Net profit attributable to shareholders of global casino operator Genting Malaysia Bhd reached MYR416.7 million (US$98.8 million) for the three months to June 30, up 406.8 percent year-on-year. It took such first-half 2025 profit to MYR489.3 million, compared to MYR140.0-million in first-half 2024.
But the firm said in a Thursday announcement to Bursa Malaysia that its board had decided not to declare an interim dividend for the current quarter.
“The group will continue to exercise prudent capital management to support business needs to drive growth and pare down existing debt,” it said, adding it “remains committed to delivering long-term shareholder value”.
The group said its pre-tax profit “more than doubled to MYR503.3 million, aided by net unrealised foreign exchange translation gains and one-off items”.
Trade and other receivables as of June 30, stood at nearly MYR737.0 million, up 33.6 percent year-on-year. Long-term borrowings amounted to MYR12.77 billion as of June 30.
The group’s flagship property is Malaysian casino monopoly Resorts World Genting. The group also runs casinos in the United Kingdom, Egypt, the United States and the Bahamas.
On Thursday, Genting Malaysia reported second-quarter revenue of nearly MYR2.92 billion, up 9.3 percent year-on-year. That took first-half revenue to MYR5.51 billion, up 1.5 percent from a year ago.
A total of 61.1 percent of second-quarter 2025 revenue, or MYR1.78 billion, was from the group’s Malaysian leisure and hospitality business, consisting of Resorts World Genting and some non-gaming resort assets.
The firm said that “despite prevailing trading environment uncertainties, the global tourism outlook is expected to remain broadly positive”.
“This momentum is expected to support the continued growth of the regional gaming market,” it added.
Group-wide second-quarter group adjusted earnings before interest, taxation, depreciation, and amortisation (EBITDA) stood at nearly MYR1.03 billion, up 33.6 percent from the prior-year period.

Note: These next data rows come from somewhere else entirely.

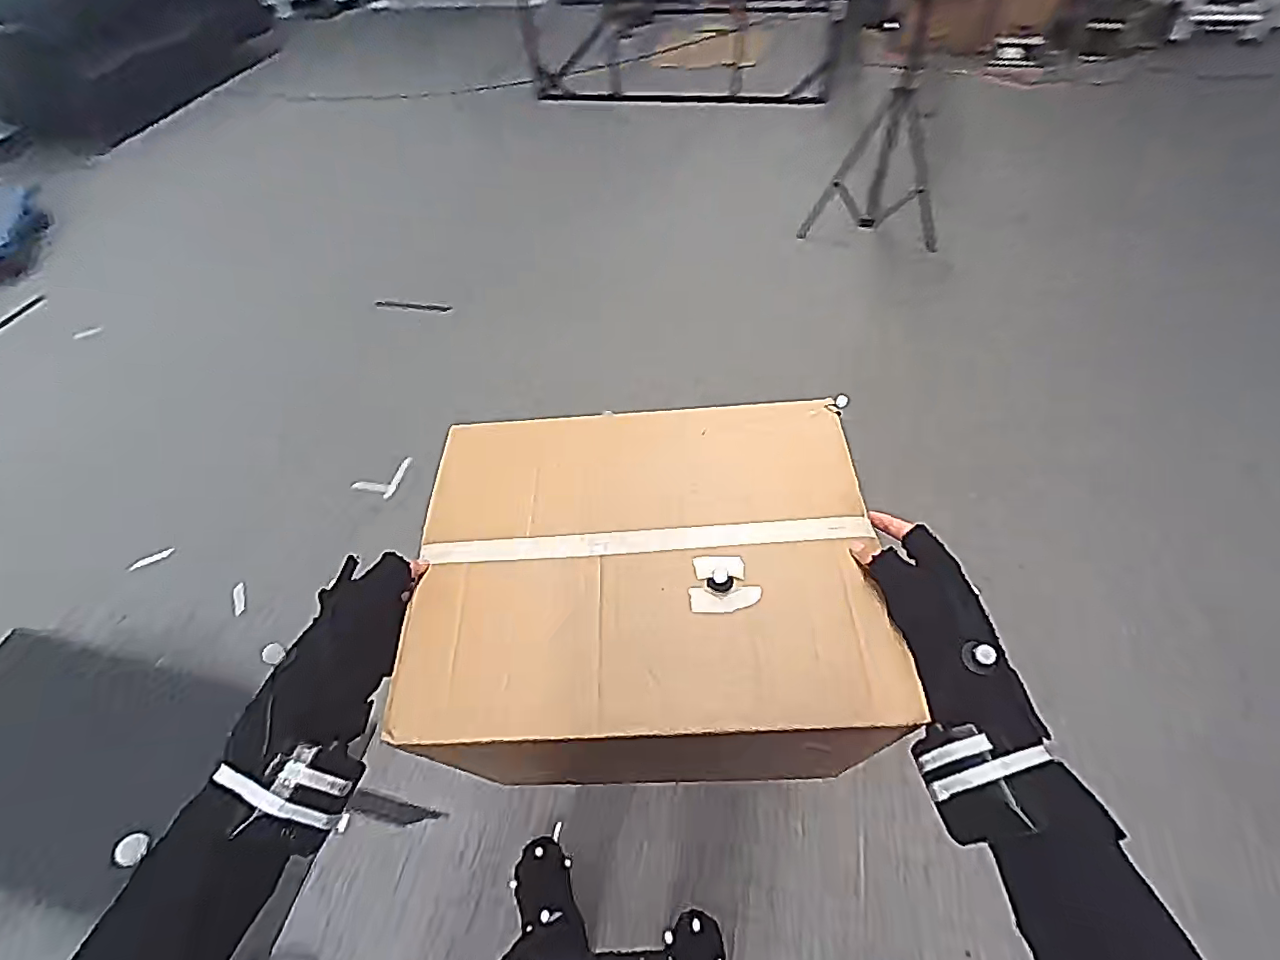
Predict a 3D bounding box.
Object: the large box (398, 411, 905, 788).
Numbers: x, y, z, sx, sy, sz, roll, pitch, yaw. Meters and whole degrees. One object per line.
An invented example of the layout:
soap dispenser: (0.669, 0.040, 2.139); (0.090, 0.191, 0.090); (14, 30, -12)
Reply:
large box: (0.009, 0.151, 0.621); (0.408, 0.320, 0.320); (-4, 55, 2)

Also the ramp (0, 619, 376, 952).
ramp: (-1.221, 0.693, 1.310); (0.991, 0.206, 0.509); (8, 53, 10)
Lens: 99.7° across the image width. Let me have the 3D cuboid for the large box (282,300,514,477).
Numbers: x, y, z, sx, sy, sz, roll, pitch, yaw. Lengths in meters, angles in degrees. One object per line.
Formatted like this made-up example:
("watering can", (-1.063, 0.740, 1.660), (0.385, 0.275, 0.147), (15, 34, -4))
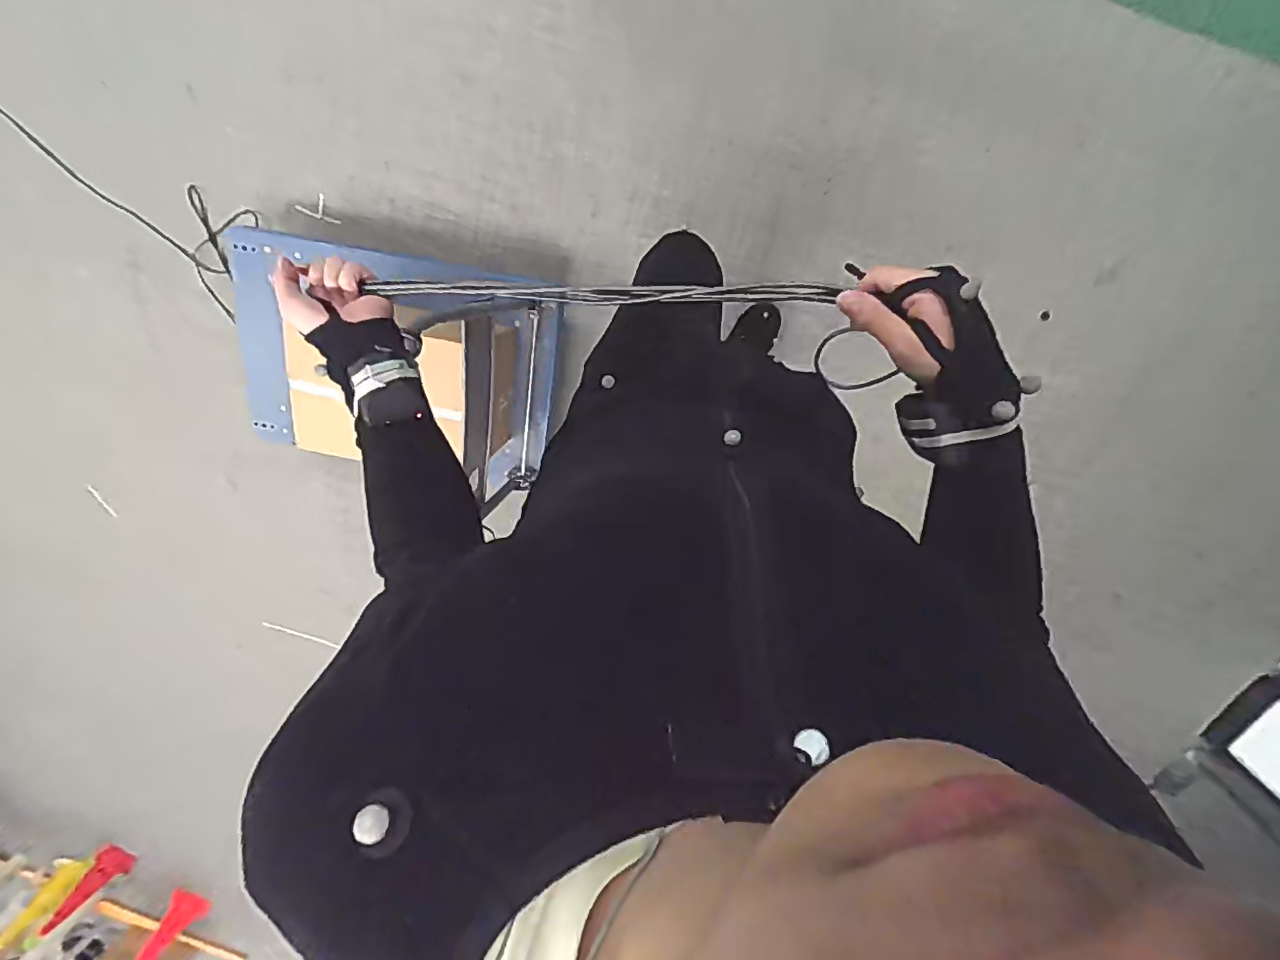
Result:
("large box", (-0.548, -0.234, 1.297), (0.408, 0.320, 0.320), (11, 112, 3))
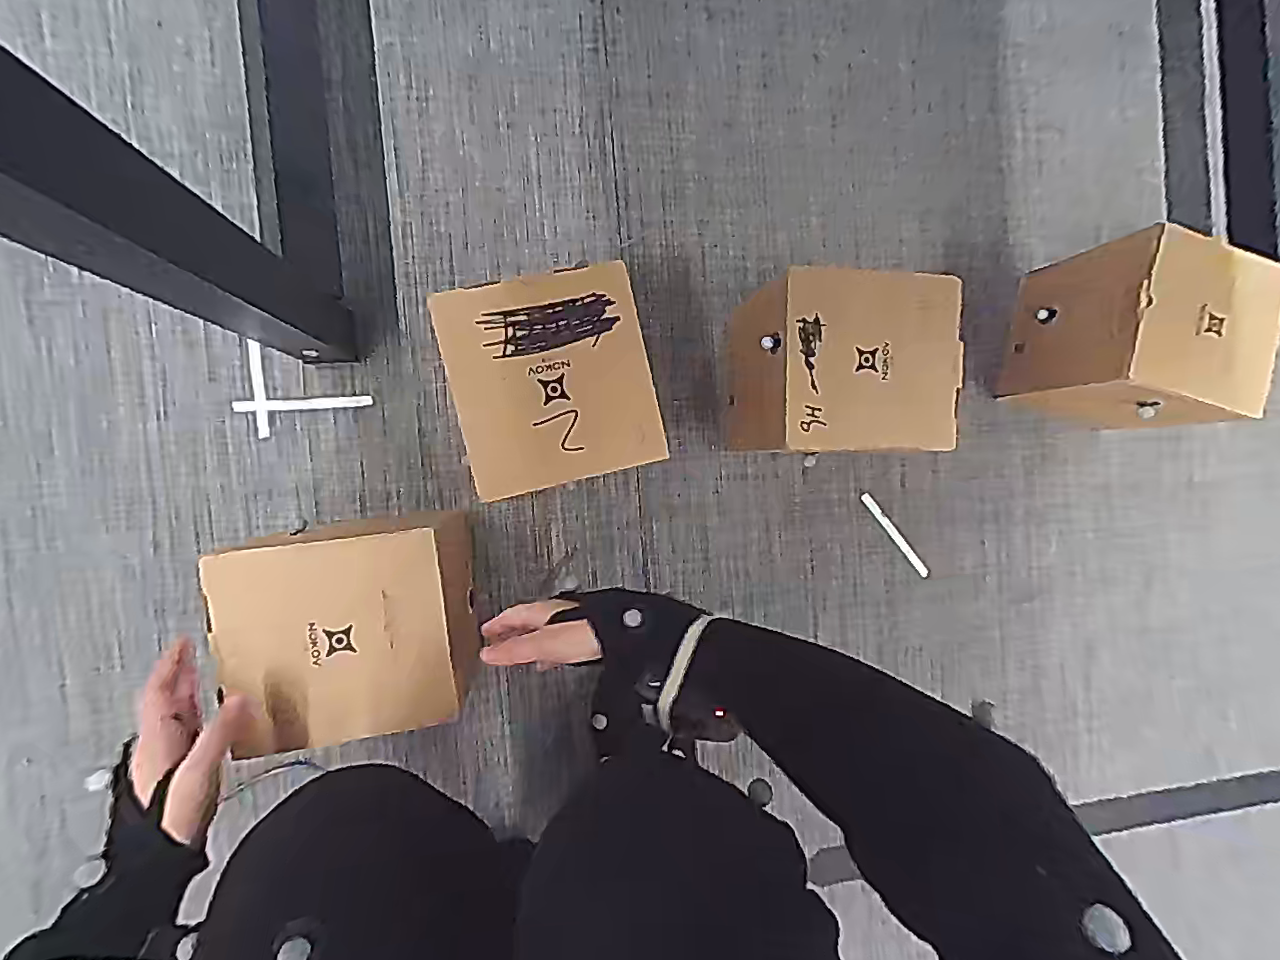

The leisure and hospitality segment as a whole generated adjusted EBITDA of MYR794.9 million in the three months to June 30, up 3.7 percent on second-quarter 2024.
Genting Malaysia announced earlier this month that another U.S. business it controls – loss-making Empire Resorts Inc – is to become “debt-free” via a deal that will see some non-gaming assets sold off for US$525.0-million in cash.
In June, Genting Malaysia said it had completed its acquisition of the stake in Empire Resorts that it did not already control.
Genting Malaysia’s U.K. and Egypt operating segment produced second-quarter revenue of MYR511.2 million, up 9.0 percent from a year earlier.
That was “mainly attributable to contributions from the newly-acquired Genting Casino Stratford (formerly known as Aspers Stratford) in April 2025″, in the U.K. capital, London, as well as “higher volume of business”.
The U.S. and the Bahamas generated MYR576.0 million revenue in the second quarter, up 9.1 percent year-on-year.
The firm said in a press release with the results: “This was mainly due to the consolidation of Empire Resorts Inc and its subsidiaries from June 2025, which contributed MYR89.1 million in revenue, coupled with higher volume of business from the group’s non-New York operations.”
The firm said its US$5.5-billion proposal for a full downstate casino licence and revamp at its Resorts World New York City property, was being evaluated by the local authorities.
The company noted: “The New York State Gaming Facility Location Board is expected to make its decision by 1 December 2025, with the issuance of licence expected to take place by 31 December 2025.”